▶ **What is needed**:
Every record below should be repeated exactly. Omit the pictures.

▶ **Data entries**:
━━━━━━━━━━━━━━━━━━━━

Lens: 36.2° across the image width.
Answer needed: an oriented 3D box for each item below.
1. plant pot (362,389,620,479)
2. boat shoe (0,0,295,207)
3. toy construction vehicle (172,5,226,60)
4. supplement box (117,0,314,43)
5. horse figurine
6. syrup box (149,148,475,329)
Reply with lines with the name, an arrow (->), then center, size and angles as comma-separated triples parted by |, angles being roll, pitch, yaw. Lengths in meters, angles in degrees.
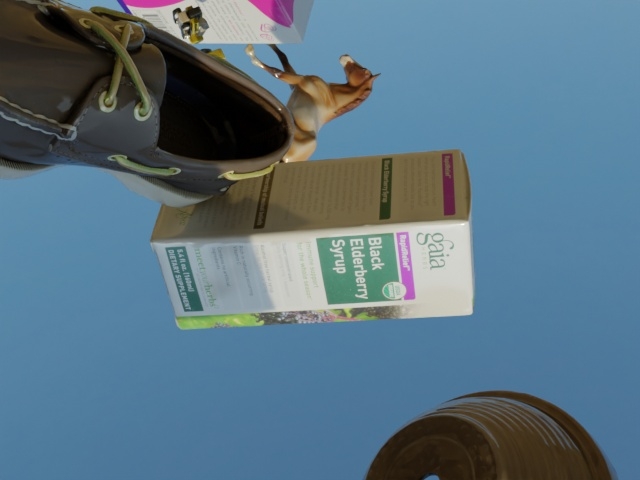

━━━━━━━━━━━━━━━━━━━━

▶ **Answer box**:
Lens: 36.2° across the image width.
Answer needed: an oriented 3D box for each item below.
1. plant pot (362,389,620,479)
2. boat shoe (0,0,295,207)
3. toy construction vehicle (172,5,226,60)
4. supplement box (117,0,314,43)
5. horse figurine
6. syrup box (149,148,475,329)
Reply with lines with the name, an arrow (->), then center, size and angles as comma-separated triples parted by |, angles being roll, pitch, yaw. Lengths in meters, angles in degrees.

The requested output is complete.